With the material below, print exactly the lines between the line holding "Some questions about the photo." and the line holding "Target: uppermost house", inclusive. Add nothing else.

**INPUT:**
____________________

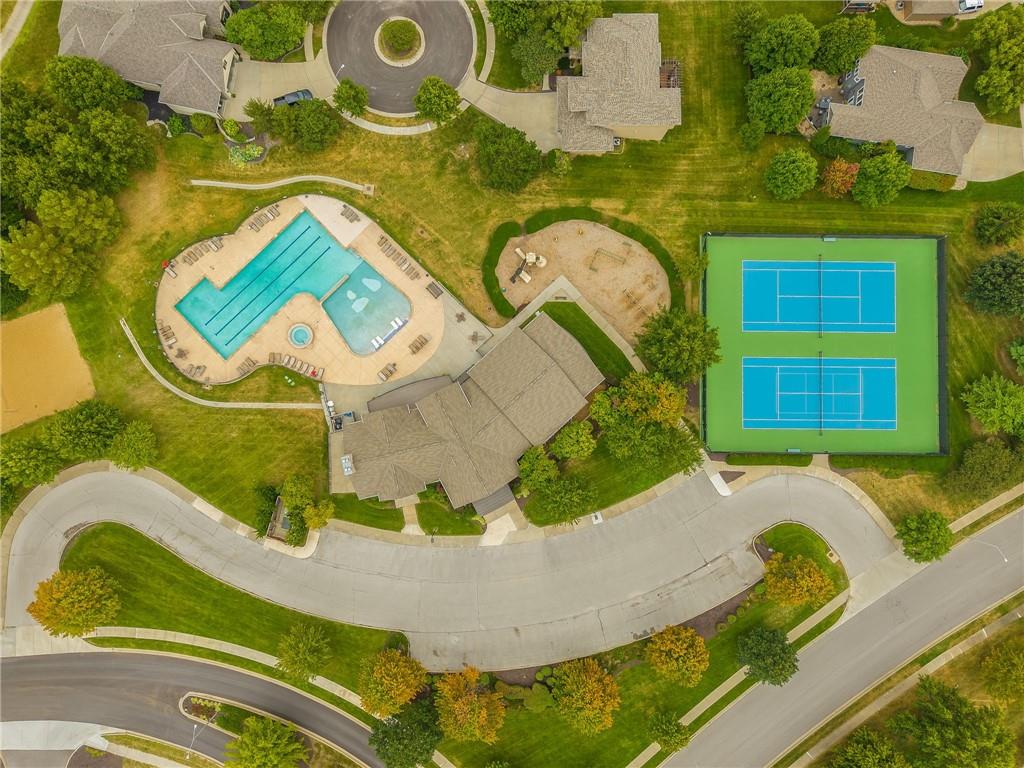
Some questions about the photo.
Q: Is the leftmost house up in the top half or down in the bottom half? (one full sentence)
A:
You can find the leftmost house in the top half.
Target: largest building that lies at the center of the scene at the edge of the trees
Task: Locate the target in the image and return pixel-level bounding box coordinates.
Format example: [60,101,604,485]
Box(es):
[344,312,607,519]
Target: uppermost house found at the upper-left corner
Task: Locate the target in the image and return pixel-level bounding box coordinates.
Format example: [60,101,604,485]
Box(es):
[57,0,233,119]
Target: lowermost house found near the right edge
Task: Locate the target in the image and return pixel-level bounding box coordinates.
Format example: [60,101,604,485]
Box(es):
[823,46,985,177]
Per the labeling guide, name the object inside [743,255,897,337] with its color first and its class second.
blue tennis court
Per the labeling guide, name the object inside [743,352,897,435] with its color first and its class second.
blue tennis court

____________________

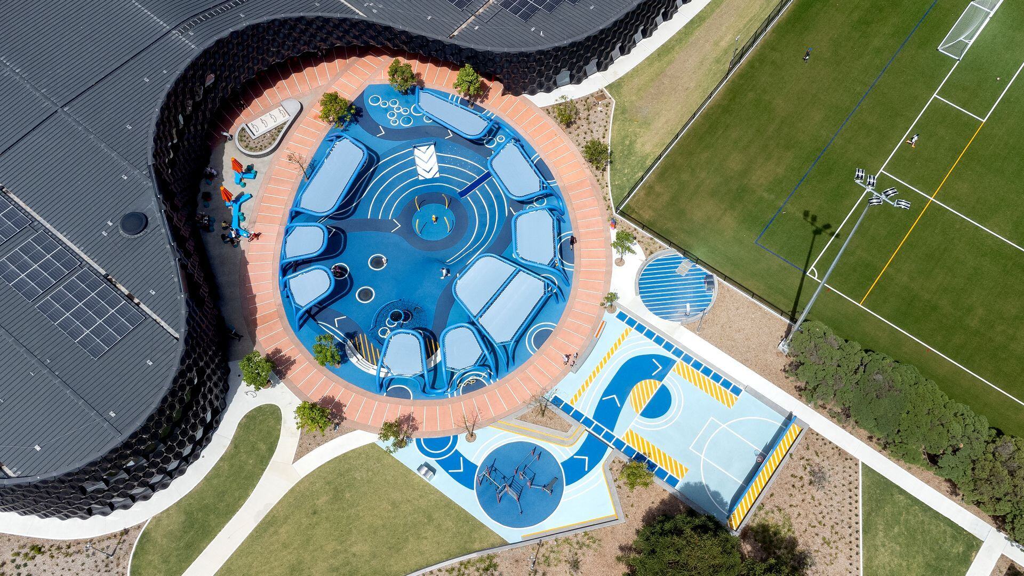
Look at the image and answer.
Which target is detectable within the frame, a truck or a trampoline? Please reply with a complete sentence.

____________________

**EXERCISE RESPONSE:**
Some questions about the photo.
Q: Is the leftmost house up in the top half or down in the bottom half? (one full sentence)
A:
You can find the leftmost house in the top half.
Target: largest building that lies at the center of the scene at the edge of the trees
Task: Locate the target in the image and return pixel-level bounding box coordinates.
Format example: [60,101,604,485]
Box(es):
[344,312,607,519]
Target: uppermost house found at the upper-left corner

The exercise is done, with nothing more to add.